NEW YORK (MainStreet) Maybe marijuana legalization advocates were just blowing smoke -- when the Colorado Department of Finance reported collecting $5.4 million in taxes on medical marijuana in 2012. The predictions made by the public relations campaign waged by them are just blowing in the wind - at least according to Smart Approaches to Marijuana (SAM).
According to SAM's new report about the effects of legalization in Colorado, pot proponents:
- 1- Overestimated tax revenues
- 2- Underestimated the amount of increase in those under age 18 using marijuana
- 3- Underestimated the increase in traffic accidents because of marijuana
- 4- Underestimated the increase in THC workplace usage
The multimillion dollar public relations campaign was waged to convince Colorado's voters that legalizing marijuana would be beneficial to the citizens of the state. It only extolled the virtues but it never mentioned that there might be costs, claims Kevin Sabet, the author of the report and a psychiatry professor at the University of Florida. He directs the Drug Policy Institute at the university.
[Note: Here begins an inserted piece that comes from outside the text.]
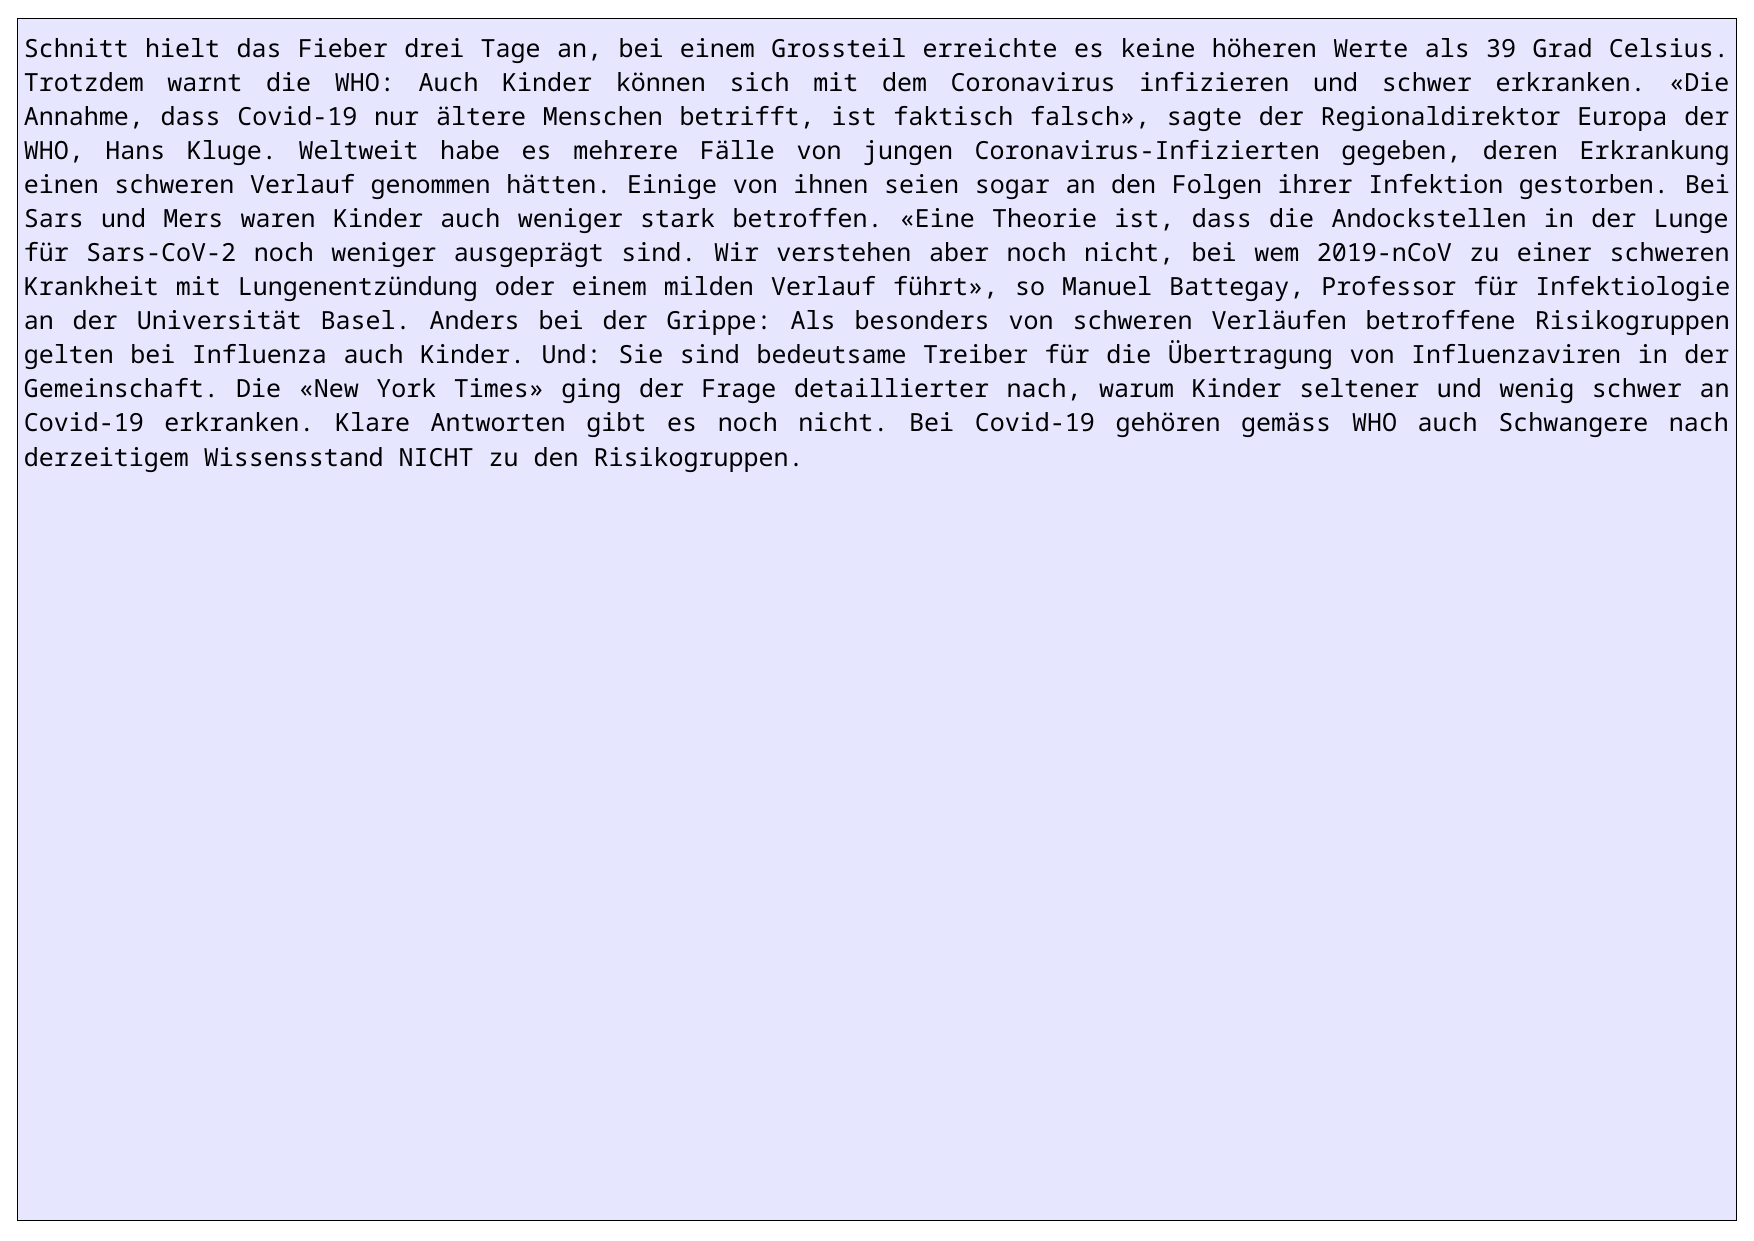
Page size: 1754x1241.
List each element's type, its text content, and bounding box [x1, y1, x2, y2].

table_cell Schnitt hielt das Fieber drei Tage an, bei einem Grossteil erreichte es keine höheren Werte als 39 Grad Celsius. Trotzdem warnt die WHO: Auch Kinder können sich mit dem Coronavirus infizieren und schwer erkranken. «Die Annahme, dass Covid-19 nur ältere Menschen betrifft, ist faktisch falsch», sagte der Regionaldirektor Europa der WHO, Hans Kluge. Weltweit habe es mehrere Fälle von jungen Coronavirus-Infizierten gegeben, deren Erkrankung einen schweren Verlauf genommen hätten. Einige von ihnen seien sogar an den Folgen ihrer Infektion gestorben. Bei Sars und Mers waren Kinder auch weniger stark betroffen. «Eine Theorie ist, dass die Andockstellen in der Lunge für Sars-CoV-2 noch weniger ausgeprägt sind. Wir verstehen aber noch nicht, bei wem 2019-nCoV zu einer schweren Krankheit mit Lungenentzündung oder einem milden Verlauf führt», so Manuel Battegay, Professor für Infektiologie an der Universität Basel. Anders bei der Grippe: Als besonders von schweren Verläufen betroffene Risikogruppen gelten bei Influenza auch Kinder. Und: Sie sind bedeutsame Treiber für die Übertragung von Influenzaviren in der Gemeinschaft. Die «New York Times» ging der Frage detaillierter nach, warum Kinder seltener und wenig schwer an Covid-19 erkranken. Klare Antworten gibt es noch nicht. Bei Covid-19 gehören gemäss WHO auch Schwangere nach derzeitigem Wissensstand NICHT zu den Risikogruppen. [18, 19, 1736, 1220]

"Of course, they might have thought this would happen but never discussed it during their $3 million campaign to spread the message that 'pot is safer than beer' and 'drug dealers don't ID,'" he said. "They are completely ignoring and are silent about these negative consequences happening now."
The report also noted that the e-cigarette and vaporizer industries are being spawned by legalization -- an economic boon; however, that comes an increase in the use of marijuana among youths - once again the exact opposite of what marijuana legalizers said would happen.
According to SAM, Japan Tobacco International (JTI) the third largest international tobacco company behind Philip Morris International, bought a percentage of Ploom in 2011. Ploom is a Silicon Valley startup that makes a "loose-leaf vaporizer that can be used to inhale heated vapor from marijuana as well as tobacco..."
E-cigarettes can be loaded with butane extracted hash oil (BHO). THC concentrates in this substance approach 100%. M-cigarettes ( marijuana vaporizers) are also becoming popular. SAM warns that "vape pens" permit teens to conceal pot use in school and elsewhere.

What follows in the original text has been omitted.